An LLMResult, which contains a list of candidate Generations for each input

prompt and additional model provider-specific output.

Return type

LLMResult

get_graph(config: Optional[RunnableConfig] = None) → Graph

Return a graph representation of this runnable.

Parameters

config (Optional[RunnableConfig]) –

Return type

Graph

get_input_schema(config: Optional[RunnableConfig] = None) → Type[BaseModel]

Get a pydantic model that can be used to validate input to the runnable.

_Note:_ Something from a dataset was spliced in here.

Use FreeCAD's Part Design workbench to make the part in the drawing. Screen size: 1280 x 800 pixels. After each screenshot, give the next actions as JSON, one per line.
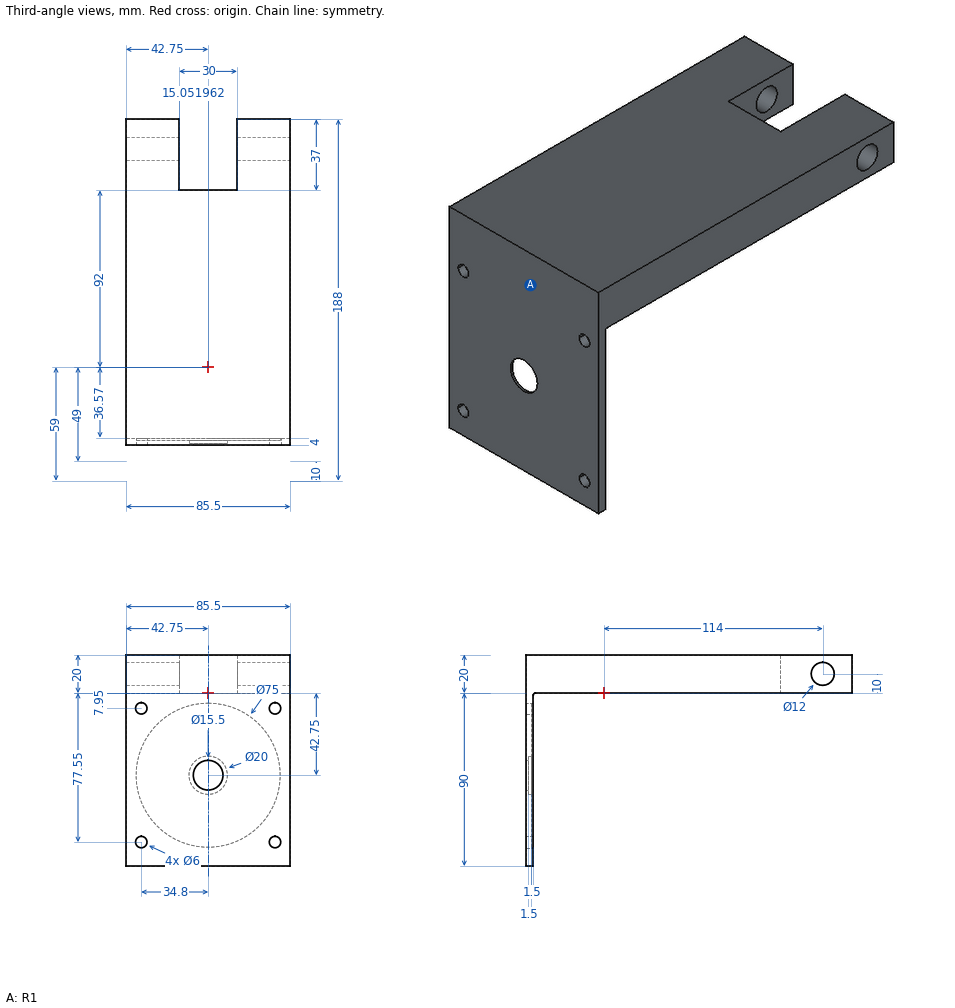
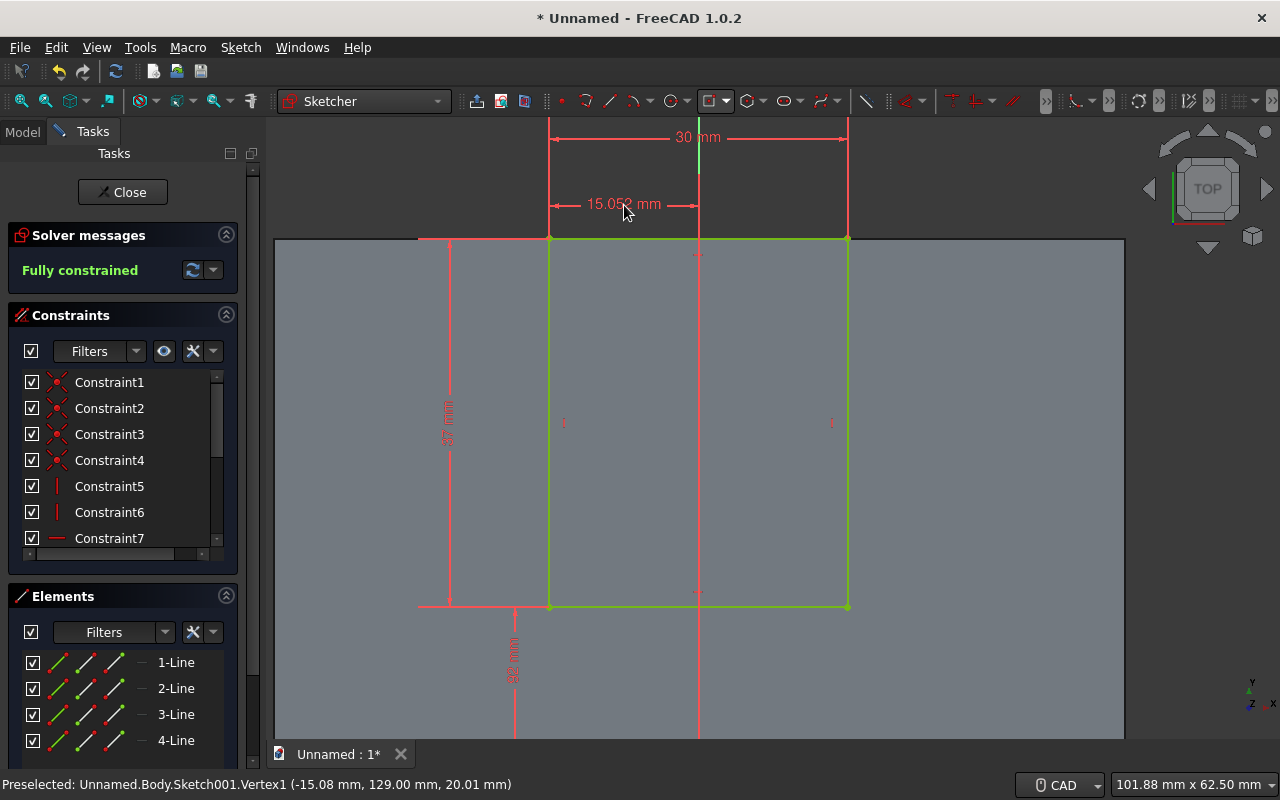
{"action": "left_click", "coordinate": [123, 192]}
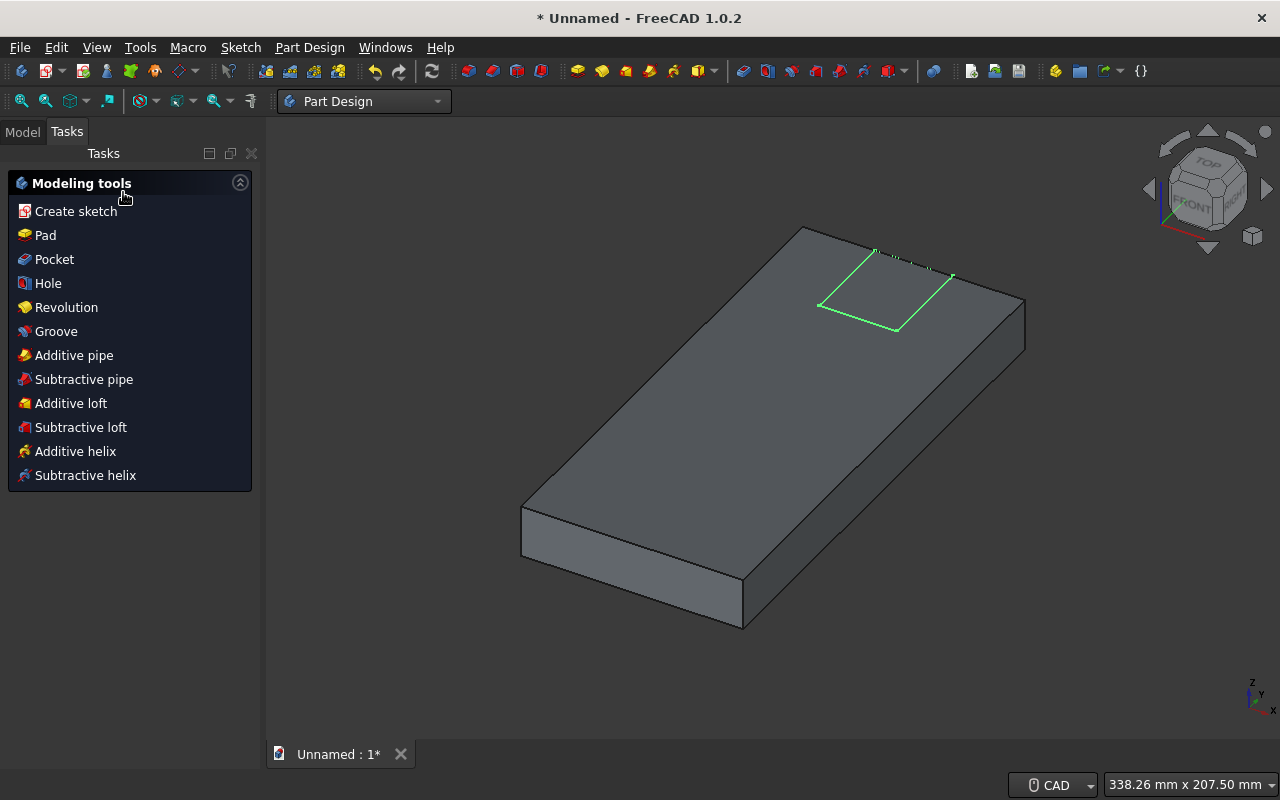
{"action": "left_click", "coordinate": [744, 72]}

Runnables that leverage the configurable_fields and configurable_alternatives methods will have a dynamic input schema that depends on which configuration the runnable is invoked with.

This method allows to get an input schema for a specific configuration.

Parameters

config (Optional[RunnableConfig]) – A config to use when generating the schema.

Returns

A pydantic model that can be used to validate input.

Return type

Type[BaseModel]

classmethod get_lc_namespace() → List[str]

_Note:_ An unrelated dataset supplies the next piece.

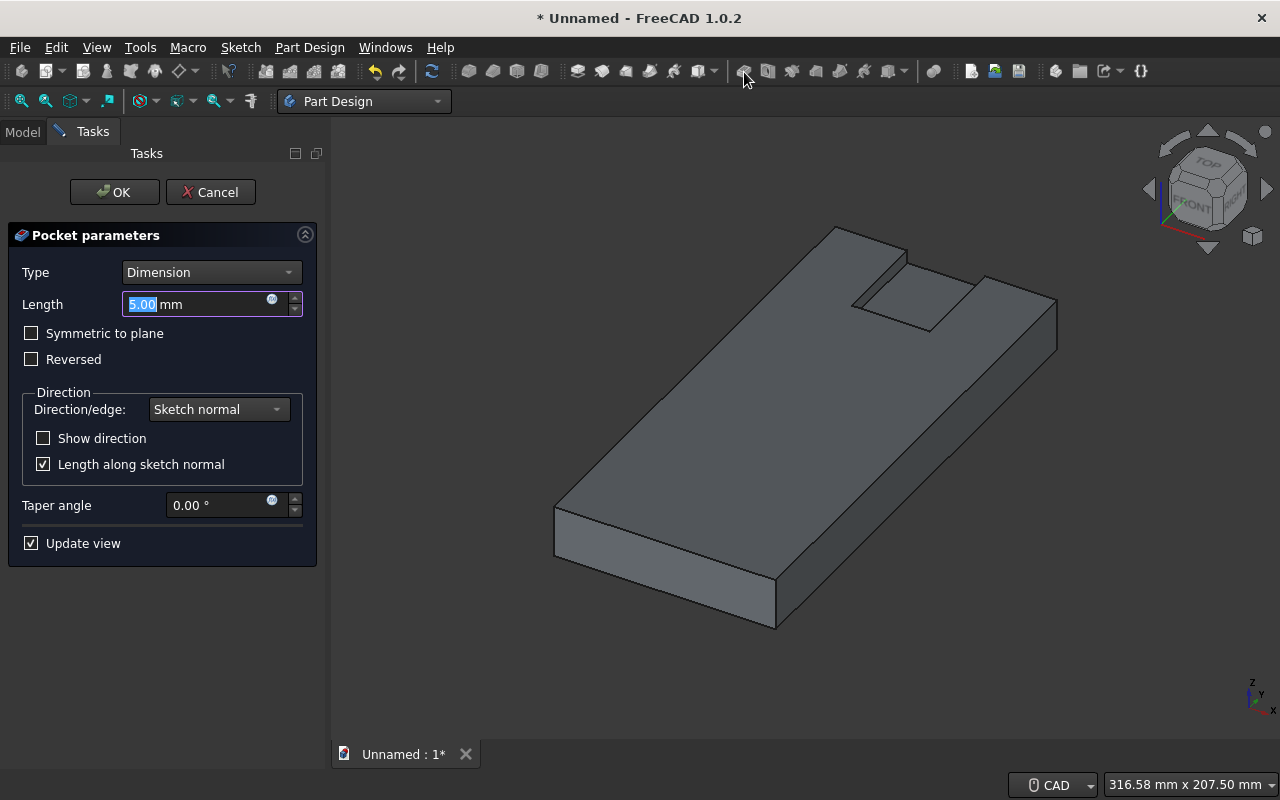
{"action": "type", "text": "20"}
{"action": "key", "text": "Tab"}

Get the namespace of the langchain object.

Return type

List[str]

get_name(suffix: Optional[str] = None, *, name: Optional[str] = None) → str

Get the name of the runnable.

Parameters

• suffix (Optional[str]) –

• name (Optional[str]) –

Return type

str

get_num_tokens(text: str) → int

Get the number of tokens present in the text.

Useful for checking if an input will fit in a model’s context window.

Parameters

text (str) – The string input to tokenize.

Returns

The integer number of tokens in the text.

Return type

int

get_num_tokens_from_messages(messages: List[BaseMessage]) → int

Get the number of tokens in the messages.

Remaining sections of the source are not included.